GREER and RICE: [laugh]
VALLAS: And we’ll have on a smart person to do it with us.
VALLAS: That’s kind of the structure of the show, which is very, very cool.
GREER: Yeah, it’s really the structure to all of our things we do.
VALLAS: Like, let’s find a smart person that knows something about this, and let’s work with those people, like that. Yeah. [chuckles]
RICE: Yeah. Yeah, yeah. And this was really, it’s actually a test, you know?
RICE: Jeremie and I sat down. We’re like, OK, we have some things to say. We probably need to say them so that folks really get a sense of who we are, our voice. And it’s also why we start with our personal stories and experiences with these issues. It’s not even that we, no one is above them because this is the water that we swim in. And Racism Is Profitable is not just a catchy name, and it’s not something that we totally came up with. I mean, Toni Morrison has this great quote that’s from a country where, we live in a country where racism will disappear when it’s no longer profitable, no longer psychologically useful, and when it happens, it’ll be gone. And for me, that was just like, right, oh my gosh! I don’t have to bear the weight of all of these interpersonal racist attacks ‘cause it’s actually—
You know, sometimes I wonder. I sit around, and I’m just like, why? Why are people so racist? Like, what is this? Why is this useful? It’s actually work. It’s not like…. You have to uphold it. You have to put some work into it. And honestly, when I sat with this idea that it’s profitable, then it started to make much more sense that people are holding onto a real asset in white supremacy. People are protecting an economic position with racism. And then things started to fall into place. So, it’s that kind of story that we all have to deconstruct and reconstruct a new one. But these stories are deep.

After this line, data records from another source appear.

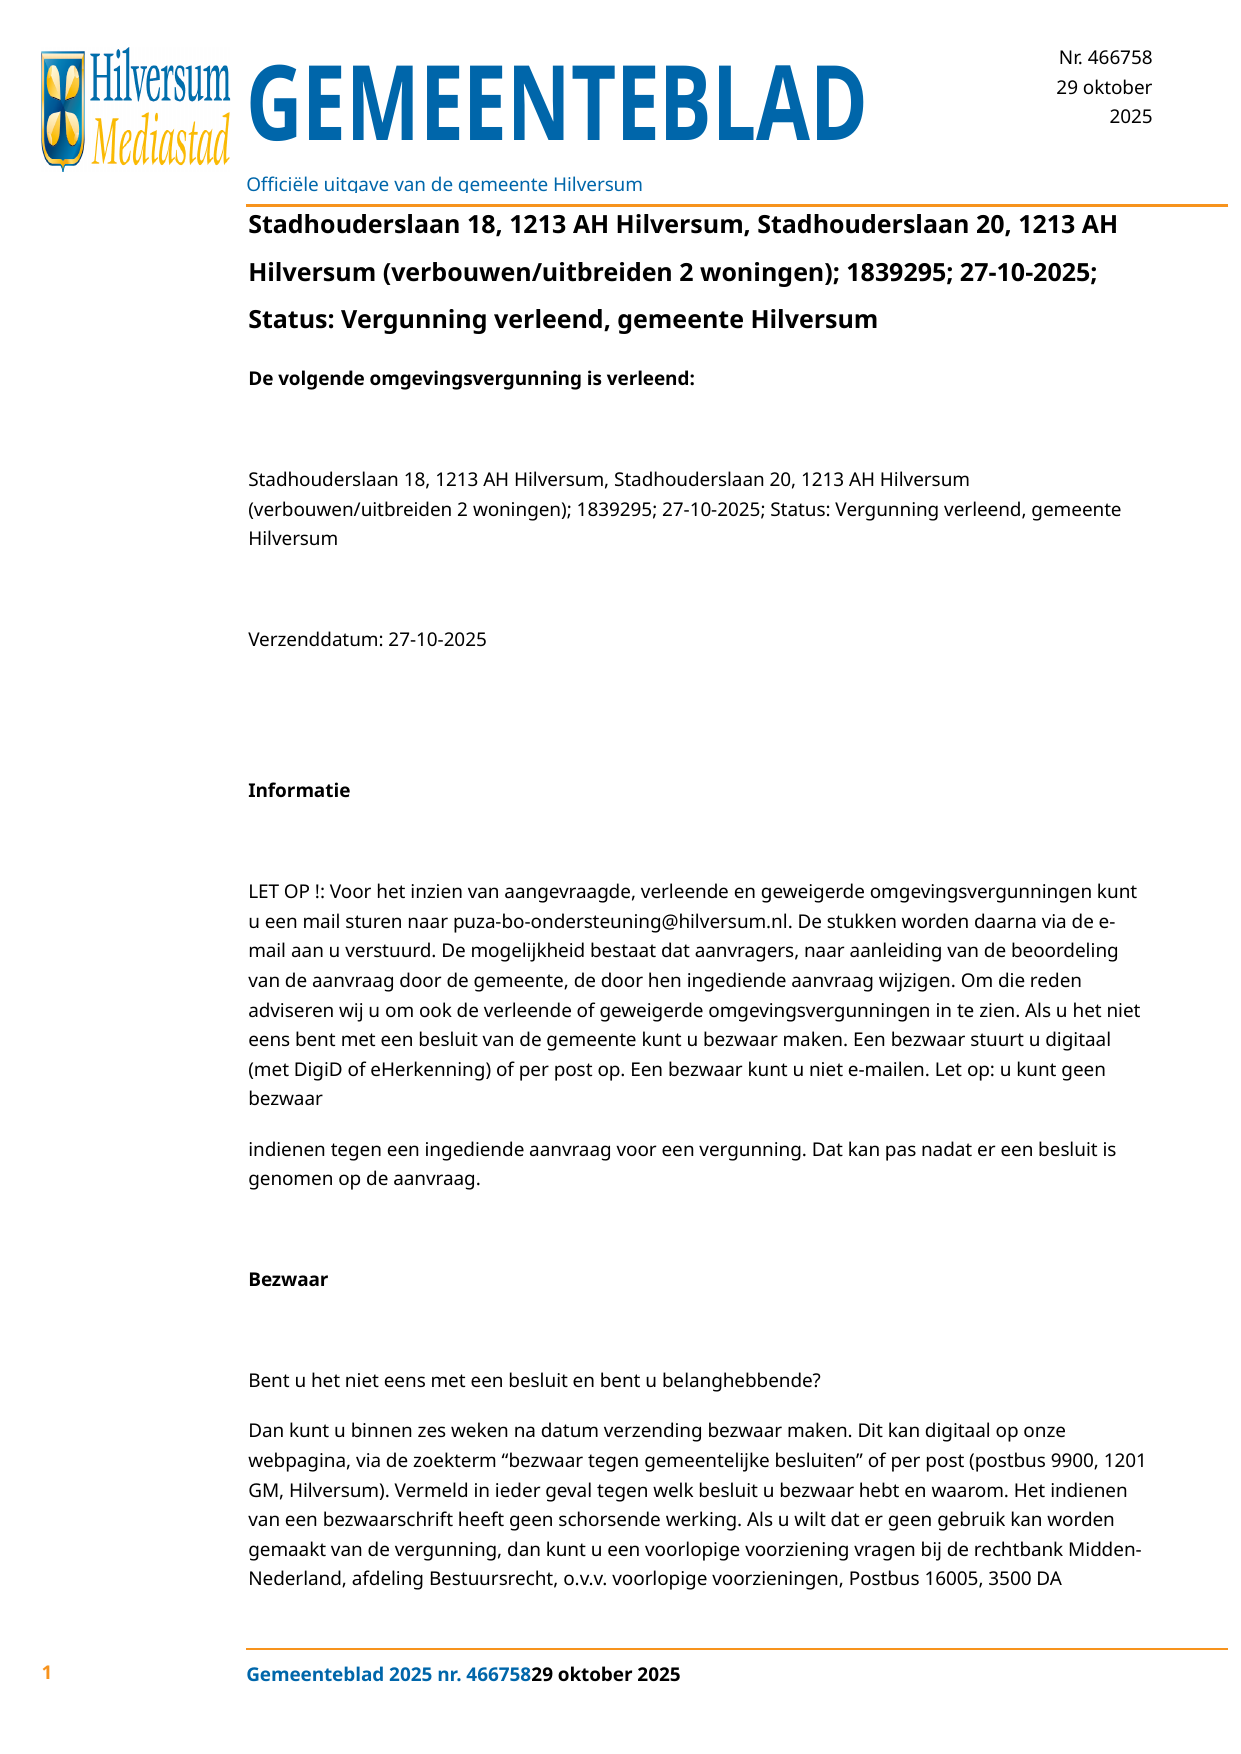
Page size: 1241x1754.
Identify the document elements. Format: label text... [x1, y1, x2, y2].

text Bent u het niet eens met een besluit en bent u belanghebbende? [248, 1367, 1152, 1393]
text Stadhouderslaan 18, 1213 AH Hilversum, Stadhouderslaan 20, 1213 AH Hilversum (verbouwen/uitbreiden 2 woningen); 1839295; 27-10-2025; Status: Vergunning verleend, gemeente Hilversum [248, 207, 1152, 336]
text Bezwaar [248, 1266, 1152, 1292]
text LET OP !: Voor het inzien van aangevraagde, verleende en geweigerde omgevingsvergunningen kunt u een mail sturen naar puza-bo-ondersteuning@hilversum.nl. De stukken worden daarna via de e-mail aan u verstuurd. De mogelijkheid bestaat dat aanvragers, naar aanleiding van de beoordeling van de aanvraag door de gemeente, de door hen ingediende aanvraag wijzigen. Om die reden adviseren wij u om ook de verleende of geweigerde omgevingsvergunningen in te zien. Als u het niet eens bent met een besluit van de gemeente kunt u bezwaar maken. Een bezwaar stuurt u digitaal (met DigiD of eHerkenning) of per post op. Een bezwaar kunt u niet e-mailen. Let op: u kunt geen bezwaar [248, 878, 1152, 1111]
text Dan kunt u binnen zes weken na datum verzending bezwaar maken. Dit kan digitaal op onze webpagina, via de zoekterm “bezwaar tegen gemeentelijke besluiten” of per post (postbus 9900, 1201 GM, Hilversum). Vermeld in ieder geval tegen welk besluit u bezwaar hebt en waarom. Het indienen van een bezwaarschrift heeft geen schorsende werking. Als u wilt dat er geen gebruik kan worden gemaakt van de vergunning, dan kunt u een voorlopige voorziening vragen bij de rechtbank Midden-Nederland, afdeling Bestuursrecht, o.v.v. voorlopige voorzieningen, Postbus 16005, 3500 DA [248, 1418, 1152, 1591]
text Stadhouderslaan 18, 1213 AH Hilversum, Stadhouderslaan 20, 1213 AH Hilversum (verbouwen/uitbreiden 2 woningen); 1839295; 27-10-2025; Status: Vergunning verleend, gemeente Hilversum [248, 466, 1152, 551]
text De volgende omgevingsvergunning is verleend: [248, 366, 1152, 391]
text Informatie [248, 778, 1152, 803]
text indienen tegen een ingediende aanvraag voor een vergunning. Dat kan pas nadat er een besluit is genomen op de aanvraag. [248, 1136, 1152, 1191]
picture [41, 47, 231, 172]
text Verzenddatum: 27-10-2025 [248, 626, 1152, 652]

This idea that we all have to work, and we have to work ourselves to the bone in order to get by, that one, I don’t know. For me and for Jeremie, that was a definite like, if you are not working, what are you doing? [laughing] Like, you’re not doing anything! And if you’re not working really hard and twice as hard, probably, as your white colleague, good luck. Good luck. You’ll be, right? But my parents would be like, “You’re not coming back here, [laughs] so you better figure it out and do the work!” And it’s dangerous. That’s actually, this myth is actually physically and psychologically dangerous, and it’s harmful for our health in the long run.
VALLAS: And that was your first episode. You guys came hot out of the gate with just a totally, totally incredible and really ambitious episode where you basically, you kind of like, it’s kind of like you shot for the king, right? It’s like, and then you can’t miss, right?
GREER and RICE: [chuckle]
VALLAS: And you didn’t. And you call the first episode Work and Your Worth. And you just go right for it, and you say, look, there’s this lie, quote, that we’re only valuable, “We Black people are only valuable and valued if we work hard and produce, produce, produce. It’s time to smash the illusion that keeps us building wealth for other people, when we deserve to build it for ourselves.” So, a little bit of a different way of going after, say, the racial wealth gap, right, and how think tanks with their buttoned-up sweaters like to talk about this stuff. But it’s, you know, you’re just going right at the heart of what ends up producing grind culture, and like you said, Solana, just really, really unhealthy choices that don’t feel like choices and are not really presented as choices for a lot of folks. Do you wanna say a little bit more about that episode? ‘Cause it feels like in so many ways that was sort of the topic sentence for a lot of what this podcast is doing and really, the cornerstone of what the Oppression Economy is all really constructed on.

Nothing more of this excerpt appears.